Desde ahí transmitía ayer una emisora
la noche de la Inmaculada,
cuando hacían su puesta de largo
las doncellas: uniformes militares
de gala, vienesas gasas, arañas
pendientes ―alcanzaba cincuenta años
el baile de Infantería.
Se confunden las fiestas de las vírgenes
con las laicas, y se sumaba la fecha
de la Constitución; vi entonces
imágenes grabadas en Vitoria:
los partidos turnistas y las autoridades
―el obispo católico, el ejército
y la Guardia Civil, los jueces―
lo celebraban juntos, caras serias,
casi ceñudas. Acababa de hablar
por teléfono con un amigo, de cuando
parecía que su avión estaba cayendo
en picado sobre América, y se abrazaban
él y Carolina y el niño, a oscuras,
entre los gritos: «sentí ―decía―
la realidad, lo espesa que era, ahogaba».
Así iba pasando la noche, también
con niebla en torno a las torres rojas
y entre los cipreses del Taller del Moro.
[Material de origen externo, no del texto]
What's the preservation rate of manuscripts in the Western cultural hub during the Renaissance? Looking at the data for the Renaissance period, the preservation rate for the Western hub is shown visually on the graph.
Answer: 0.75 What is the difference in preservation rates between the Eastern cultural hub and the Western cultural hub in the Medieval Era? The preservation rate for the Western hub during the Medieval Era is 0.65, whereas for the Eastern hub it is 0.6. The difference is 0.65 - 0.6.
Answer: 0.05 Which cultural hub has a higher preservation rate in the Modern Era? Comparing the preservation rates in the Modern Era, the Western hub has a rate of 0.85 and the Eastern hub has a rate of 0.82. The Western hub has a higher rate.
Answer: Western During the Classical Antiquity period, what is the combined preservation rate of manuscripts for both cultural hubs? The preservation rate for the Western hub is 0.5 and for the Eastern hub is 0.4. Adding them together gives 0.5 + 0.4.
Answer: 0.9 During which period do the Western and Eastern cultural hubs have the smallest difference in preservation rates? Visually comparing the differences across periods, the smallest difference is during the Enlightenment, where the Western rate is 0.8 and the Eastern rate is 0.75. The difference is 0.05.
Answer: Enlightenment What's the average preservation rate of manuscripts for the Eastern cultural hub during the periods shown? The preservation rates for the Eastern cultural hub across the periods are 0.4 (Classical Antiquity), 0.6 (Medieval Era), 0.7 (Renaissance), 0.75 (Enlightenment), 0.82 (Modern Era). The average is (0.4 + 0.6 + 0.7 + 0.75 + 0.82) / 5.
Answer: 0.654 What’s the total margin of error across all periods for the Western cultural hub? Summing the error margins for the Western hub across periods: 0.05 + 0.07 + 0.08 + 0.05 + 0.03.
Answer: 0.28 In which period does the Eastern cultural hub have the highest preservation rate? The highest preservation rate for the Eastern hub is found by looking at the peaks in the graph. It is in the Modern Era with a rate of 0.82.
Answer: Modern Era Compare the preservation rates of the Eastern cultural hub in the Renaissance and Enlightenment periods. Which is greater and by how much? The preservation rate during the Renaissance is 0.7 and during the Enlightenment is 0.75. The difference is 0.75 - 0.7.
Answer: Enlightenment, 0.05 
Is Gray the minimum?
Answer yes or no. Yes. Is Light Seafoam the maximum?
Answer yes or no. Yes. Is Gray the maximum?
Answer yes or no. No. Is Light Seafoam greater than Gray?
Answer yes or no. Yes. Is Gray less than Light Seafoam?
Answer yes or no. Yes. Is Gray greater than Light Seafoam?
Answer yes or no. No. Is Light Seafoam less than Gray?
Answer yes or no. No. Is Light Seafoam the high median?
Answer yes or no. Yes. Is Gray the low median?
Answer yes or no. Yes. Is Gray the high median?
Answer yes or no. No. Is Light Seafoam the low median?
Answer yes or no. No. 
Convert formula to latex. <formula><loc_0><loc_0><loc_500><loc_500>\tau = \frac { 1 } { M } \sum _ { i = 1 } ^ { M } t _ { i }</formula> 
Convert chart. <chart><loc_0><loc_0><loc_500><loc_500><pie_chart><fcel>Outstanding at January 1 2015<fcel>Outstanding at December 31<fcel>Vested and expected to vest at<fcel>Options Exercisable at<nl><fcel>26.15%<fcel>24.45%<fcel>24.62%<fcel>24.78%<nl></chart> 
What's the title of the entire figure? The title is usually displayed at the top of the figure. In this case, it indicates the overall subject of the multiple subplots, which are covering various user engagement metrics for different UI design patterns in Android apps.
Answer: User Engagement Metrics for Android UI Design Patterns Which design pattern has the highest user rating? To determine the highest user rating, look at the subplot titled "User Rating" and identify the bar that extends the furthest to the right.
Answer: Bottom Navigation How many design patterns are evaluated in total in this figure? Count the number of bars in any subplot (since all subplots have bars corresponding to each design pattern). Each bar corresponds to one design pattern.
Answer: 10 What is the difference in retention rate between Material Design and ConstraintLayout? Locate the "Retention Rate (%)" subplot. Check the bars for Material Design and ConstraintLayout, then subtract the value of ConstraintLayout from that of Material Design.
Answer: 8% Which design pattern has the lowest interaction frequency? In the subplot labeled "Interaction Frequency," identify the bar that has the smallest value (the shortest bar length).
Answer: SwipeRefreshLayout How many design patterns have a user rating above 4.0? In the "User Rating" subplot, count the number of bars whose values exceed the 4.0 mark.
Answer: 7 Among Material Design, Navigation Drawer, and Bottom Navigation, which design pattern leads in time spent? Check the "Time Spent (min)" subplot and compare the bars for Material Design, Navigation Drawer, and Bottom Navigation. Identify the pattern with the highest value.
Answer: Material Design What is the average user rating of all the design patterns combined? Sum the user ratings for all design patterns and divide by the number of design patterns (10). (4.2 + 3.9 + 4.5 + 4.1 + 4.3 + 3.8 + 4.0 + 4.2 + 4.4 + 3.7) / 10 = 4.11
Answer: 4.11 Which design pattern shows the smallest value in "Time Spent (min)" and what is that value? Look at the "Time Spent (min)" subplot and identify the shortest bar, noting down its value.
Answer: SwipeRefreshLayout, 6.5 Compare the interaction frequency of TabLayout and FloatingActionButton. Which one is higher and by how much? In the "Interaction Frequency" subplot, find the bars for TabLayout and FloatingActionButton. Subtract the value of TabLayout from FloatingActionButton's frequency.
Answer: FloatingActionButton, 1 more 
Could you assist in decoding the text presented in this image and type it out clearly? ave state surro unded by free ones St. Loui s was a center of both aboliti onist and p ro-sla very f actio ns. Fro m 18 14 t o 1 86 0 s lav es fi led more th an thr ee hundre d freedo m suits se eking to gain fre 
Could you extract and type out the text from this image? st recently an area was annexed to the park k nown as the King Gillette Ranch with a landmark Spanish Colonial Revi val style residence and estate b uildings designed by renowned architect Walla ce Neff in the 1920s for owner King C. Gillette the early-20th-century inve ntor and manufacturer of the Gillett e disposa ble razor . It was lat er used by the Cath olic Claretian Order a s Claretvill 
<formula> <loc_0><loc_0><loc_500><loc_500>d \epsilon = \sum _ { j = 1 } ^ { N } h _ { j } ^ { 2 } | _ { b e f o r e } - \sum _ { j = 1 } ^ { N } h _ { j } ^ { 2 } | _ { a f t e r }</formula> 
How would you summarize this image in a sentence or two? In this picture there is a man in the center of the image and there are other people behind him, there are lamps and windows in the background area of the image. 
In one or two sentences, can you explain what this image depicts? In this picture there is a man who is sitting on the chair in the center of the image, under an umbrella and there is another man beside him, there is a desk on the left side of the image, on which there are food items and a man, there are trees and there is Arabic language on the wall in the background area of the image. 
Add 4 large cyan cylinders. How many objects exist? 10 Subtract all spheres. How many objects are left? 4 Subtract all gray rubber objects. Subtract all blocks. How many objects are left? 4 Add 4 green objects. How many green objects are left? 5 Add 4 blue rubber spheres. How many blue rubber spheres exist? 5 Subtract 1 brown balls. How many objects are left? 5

La democracia tal vez consista
en eso: que ellos continúen haciendo
lo de siempre, mientras nosotros ―por tolerancia―
ya no podamos criticarlo. Pero me doy
cuenta de que no es fácil
saber quiénes son ellos y menos aun nosotros;
desde hace horas estoy rodeado de gente
y no consigo ordenar los plurales.
En el metro, un padre y un hijo negros
me adelantan hablando en castellano;
la proporción de los colores cambia
debajo de la tierra. En la larga cola
de los aseos públicos, casi todos
son ancianos, vamos entrando de uno
en uno. O la mezcla abigarrada
de las palabras en el tren:
la masa de las banales, el corte
de lo asombroso, el abandono estridente
del auricular en un asiento. Atravesamos
un país vacío, saturado de discursos.
Los olivares van poniéndose más húmedos,
perdiéndose más en la niebla según se acercan
los montes; el reloj trae la duda
de si alcanzaremos el sol del sur
antes de que caiga la tarde. Las voces
me devolvían el recuerdo del teléfono:
habló mucho de su estancia en Venezuela,
de las contradicciones de Chávez, de la esperanza
y el pesimismo, «es muy joven», repetía
con extrañeza, y no dejaba de invocar un espacio
común, no solo para él y para mí,
un nosotros que había salido perdiendo
siempre, que volvería a hacerlo tal vez,
pero cuyo uso era posible. Sin embargo,
me confesó que su novela dialogada
por fin se había convertido en un monólogo,
solo de algún él podemos decir yo.
Túnel a túnel, con la presión de los oídos,
van cambiando los árboles: en encinas
los olivos, en pinos las encinas, espectrales
todo entre continuas charcas. Cuando llegaron
caía una llovizna y de aquí proceden
los nombre Caminando-en-bruma,
Viene-en-bruma, Llovizna... Calmar a un niño,
transformar el llanto en cháchara
hasta que la boca vuelva a hacerse llanto,
el padre le sujeta por la cintura.
En las afueras de Córdoba tampoco
hay sol, el viaje languidece
como si en torno hubieran hecho el vacío.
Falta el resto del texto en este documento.